S I G (b, B, D) = H (D ∣ B - b) - H (D ∣ B)

(12)

The fuzzy information entropy is introduced in Section 2.2. The greater the entropy value is, the stronger the discernibility is and the more significant the attribute is. If the significance equals zero, then we consider that the attribute b is superfluous; otherwise, b is indispensable. The aim of attribute selection is to search a subset of attributes that has the same approximating power as the original data and that does not have any redundant attribute. We apply a forward search algorithm, which has been discussed in detail in [24].

The parameter ɛ (ɛ = 0.001) is a tiny positive real number that controls the convergence. Attribute reduction starts with an empty set of attributes, and in each iteration, one attribute is added into this empty set to produce the maximal increment of fuzzy information entropy; the process stops when the increment of entropy is less than ɛ in one round by adding any attribute into this subset. Then, the superfluous attributes were eliminated, and eight key attributes were selected as the input variables of the ANN. Let B_i = {b₁, b₂, … , b_i} be a reduct, where b_i (i = 1,2, … ,8) denotes the eight selected attributes, respectively; the maximal increment of entropy is fulfilled during this process, and the significance of the selected attribute is summarized in Table 3. The subset of attributes B₈ provides the maximal entropy as 1.6824, which is the result of reduction.

3.3. Estimation Using the Artificial Neural Network

Two scenarios are simulated and compared in this step, namely estimation of the medical costs using the ANN only (T₁) and using the proposed method (T₂). Table 4 demonstrates the structure and training parameters, which consists of the number of neurons in the layers, initial learning rate,\momentum constant value and activation functions used in different layers.

The stopping criteria in Table 4 determine when to stop training the neural network. Criterion 1 defines the maximum number of minutes for the algorithm to run; Criterion 2 depicts the maximum number of epochs allowed, and the training stops if the maximum number of epochs is exceeded; Criterion 3 describes an threshold value in the training error, and the training discontinues if the relative change in the training error is less than the threshold value compared to the previous epoch. In each epoch, whether training is proceeding or not is based on the stopping criteria, which is checked in the given order. In this study, 496 samples were selected as the training set to update the weights of the network; 153 samples were selected as the validation set to prevent the overtraining; and 149 samples were selected as the test set to measure the performance of the network. The results of network with the best estimation performance of the two scenarios are described in Table 5. For each network, the training process has been replicated 20 times to acquire stable performance with random initially values of weight and bias.

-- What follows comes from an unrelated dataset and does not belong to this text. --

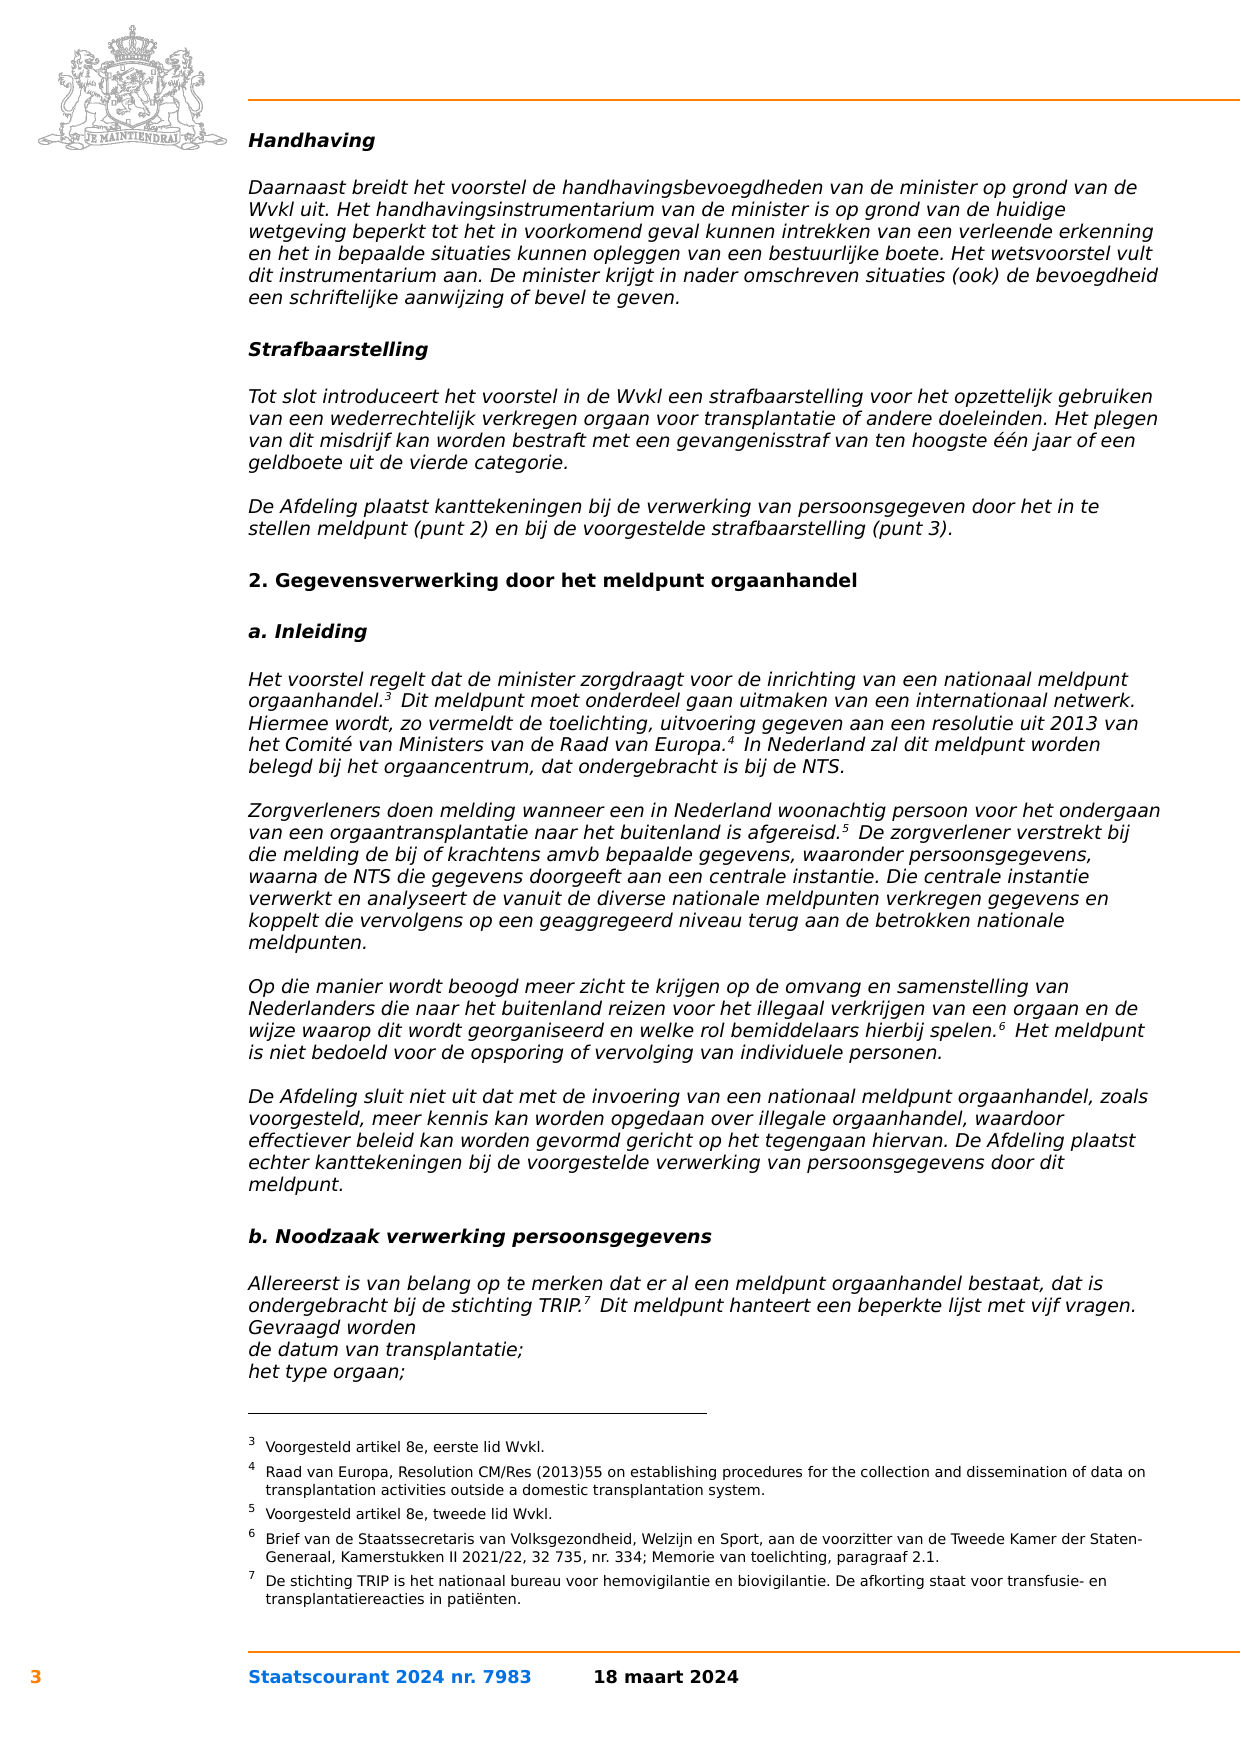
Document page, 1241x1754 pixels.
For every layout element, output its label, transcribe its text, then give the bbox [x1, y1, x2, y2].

Table 5 contains comparison between the chosen networks of scenario T₁ and T₂ selected by AIC_C. From Table 5, a network with nine hidden neurons was selected in T₁, while the chosen network in T₂ has eight hidden units. The results of AIC_C reveal that the network complexity is simplified by eliminating the superfluous input attributes via fuzzy information entropy, which will prevents the problem of overtraining and the heavy computational burden of ANN. At the same time, the results of RMSE and MAPE show that the proposed method provides a better estimation performance.

Figure 2 displays two scatterplots of estimated value on the y-axis by observed medical costs on the x-axis for all training samples based on the two selected networks, which demonstrates that the selected network of T₂ has a relatively good ability of estimating medical cost than the chosen network of T₁. The results indicate that the reduct can capture the content in the original dataset while maintaining good approximating ability.

4. Conclusions

In this paper, we introduced an integrated method to address the overtraining and heavy computational burden of ANN modeling, and the proposed approach provides a relatively good approximating ability of estimating medical costs related to myocardial infarction. The results showed that attribute reduction based on fuzzy information entropy can be applied for selecting the input variables of an ANN.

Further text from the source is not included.